W tym czasie jednak nie próżnowałam robótkowo.Oczywiście jak to u mnie bywa część poszła pod młotek<czyt.poddano pruciu> .Taki los spotkał ponczo zrobione dla mnie z 900g nitki.Skończone, przymierzone i na tym koniec.Chyba sie "wyleczyłąm" z chęci posiadania takiej częsci garderoby.Jak sie jest małym, grubym to żadna sztuka rękodzielnicza nie będzie wyglądała na takiej posturze, normalnie worek na kartofle lepiej by chyba leżał. Małżowinek się cieszy bo kolor nitki zaraz po kupieniu przypadł Mu do gustu więc dostanie sweter na zimę:):) Równiez próbie odnowy został poddany bieżnik z poprzedniego posta.Jednak nadal nie zaspokoił moich oczekiwac więc...było prucie:)
Powstał bieżnik, który robiłam kiedyś dla siebie.Obecnie został powiekszony o jeden środkowy element bo koleżanusia ma wiekszy stół.Zdjęcie jak zwykle na ostatnią chwilę robiłam:
Nitka to Maxi kolor krem w ilość 2 kłębków,szydełko 1,5 Tulip.Sukcesywnie pozbawiam siebie nitki zakupionej latem na obrus dla siebie, który jest zaczęty:):):)
Ta sama serdeczna koleżanusia poprosiła o chustę.Brakowało "wykończenia " stroju na ślub i wesele.
Powstała kolejna Gail.W oryginale najładniejsza ze wszystkich które zeszły z moich drutów.Nitka to oczywiście Angora RAM, kolor kość słoniowa.Oczywiście w ostatniej chwili chwyciłam za aparat i udało mi sie zrobić zdjęcie na wychodzącej właścicielce.Zdjęcia nie oddają uroku.Uwierzcie na słowo.


Nastepna rzecz , która powstała to bieżnik na moją komodę, który był w planach od również 2 lat, kiedy tym wzorem zrobiłam taki dla znajomej.Wzór zaczerpnięty z sieci.Ten jest wiekszy.Nitka to moja ulubiona Maxi krem.Ile zużyłam, nie pamiętam.Szydełko 1,1 Tulip.Cieszy moje oko.Stale jest w użyciu z przerwą na wodne odświeżanie:):)

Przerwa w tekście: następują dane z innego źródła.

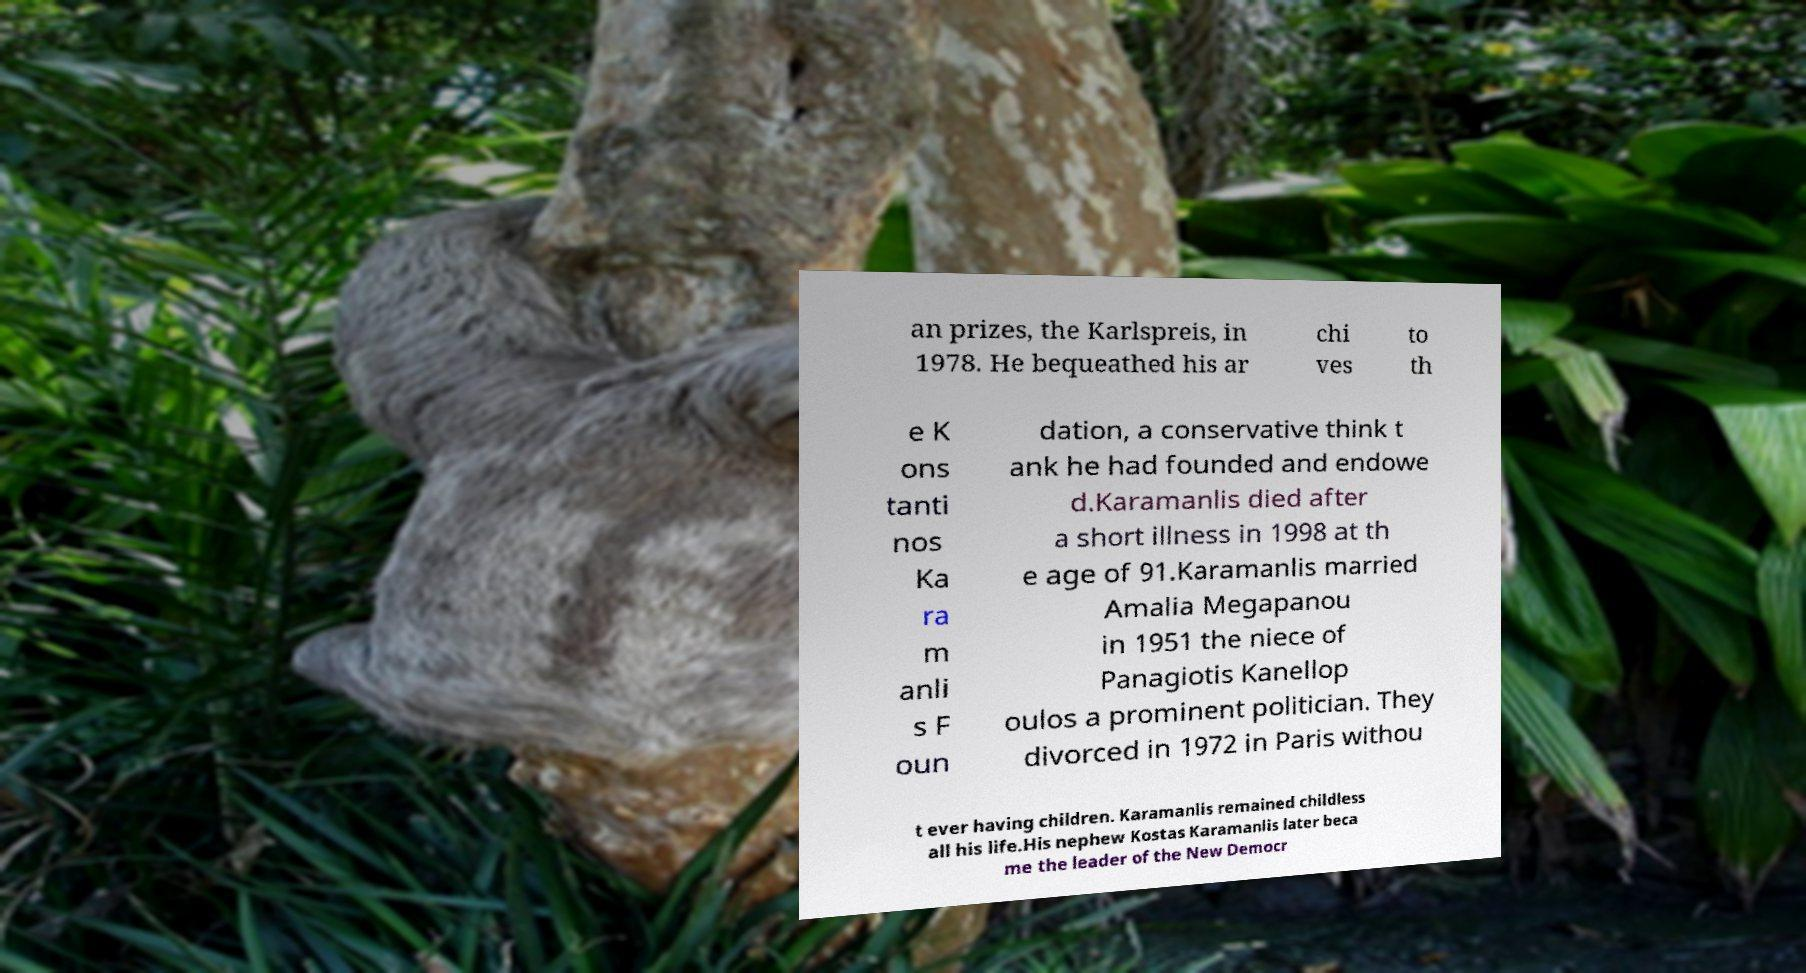Could you extract and type out the text from this image? an prizes, the Karlspreis, in 1978. He bequeathed his ar chi ves to th e K ons tanti nos Ka ra m anli s F oun dation, a conservative think t ank he had founded and endowe d.Karamanlis died after a short illness in 1998 at th e age of 91.Karamanlis married Amalia Megapanou in 1951 the niece of Panagiotis Kanellop oulos a prominent politician. They divorced in 1972 in Paris withou t ever having children. Karamanlis remained childless all his life.His nephew Kostas Karamanlis later beca me the leader of the New Democr

Powstało również w tym czasie kilka kołnierzyków.Jednak kompletnie zapomniałam o ich sfotografowaniu.Nie mam ich u siebie więc zdjęc nie będzie.
W ramach odstresowania i zużycia znienawidzonych przez moją rodzinę kolorów Zorzy<nazywają je adwentowymi> kończę wzór Zorzy Polarnej.Robi się świetnie, zwiekszam ilość powtórzeń i po zużyciu wszystkich kolorów będzie ogromna.Ciepła, do otulenia.Moja, domowa.
W ramach wykańczania zalegających robótek wyjęłam po prawie 2 latach zwaną przeze mnie Lacrimową firankę.Nazwę swą zawdzięcza wzorowi zaprezentowanemu przez Lacrim na jej blogu.Tylko cała firanka Lacrimy ma 156 elementów a moja juz obecnie ponad 200 i jest to dopiero może piąta część.Bedzie duża.Zaprzestałam liczyć elementy aby się nie dołować.Wyznaczyłam tylko limit dziennego wykonania elementów w minimum, jednak nie zawsze udaje mi się go wykonać.Najważniejsze, że codziennie chociaż po 2-3 przybywa.


Nitka cieniutka , Muza 20 830m x 100g, szydełko 1 . Z tak cieniutkiej niteczki nie robiłam jeszcze tak dużej rzeczy.Potrwa to jeszcze zanim skończę bo w międzyczasie trzeba chodzić do pracy, zajmować sie domem, ogródkiem, itp.Jak Wy wszystkie:):):)
duzo tego jak na jeden post ale i absencja była długa.Mam nadzieje, że za szybko sie nie powtórzy.
Pozdrawiam wszystkich, którzy wytrwali do końca tego posta.

środa, 6 lutego 2013

3)

       Po chustomanii przyszedł czas na chęc zrobienia czegoś innego.W związku z obietnica daną sobie(!) że POSTARAM  się w tym roku pokończyc zaległości, które nazbierały sie przez lata i zalegają w szufladach, wyjęłam jedną z takich.
Rozpoczęty bieżniczek miał wykonany środkowy pasek.Wymagał dorobienia okrązenia.Zapowiadała sie krótka, przyjemna robótka, wykańczanie również resztek nici.Taaa, szybko, fatwo, przyjemnie.O ja naiwna.Teraz wiem dlaczego owo "dzieło" zalegało w czeluściach.
Wyszło tak:
Nie ma go już.Zamienił się w kłębuszek .Sprułam dlatego, że była to taka robótka dla przyjemności.Nie aż tak bardzo potrzebna abym "mordowała" sie nad wadliwym schematem zaczerpniętym z sieci. Dwukrotnie poprawiałam, modyfikowałam.Za każdym razem otrzymywałam falbanki.Nie lubię falbanek.Kajarzą mi się z zamierzchłą przeszłością kiedy to obowiązkowo usztywnić trzeba było w cukrze.Miały pięknie "stać".Kto miał do czynienia z takimi dziełam wie o czym piszę.
Pokazałam Wam to "dzieło" w ramach "nie zawsze wszystko sie udaje".
Teraz kolej na następnego twora.Mam nadzieję, że nie podzieli losu poprzednika bo tym razem to bieżniczek zaczęty końcem ubiegłego roku i przeznaczony jest na komodę więc oczekiwany.Na moją komodę:):):)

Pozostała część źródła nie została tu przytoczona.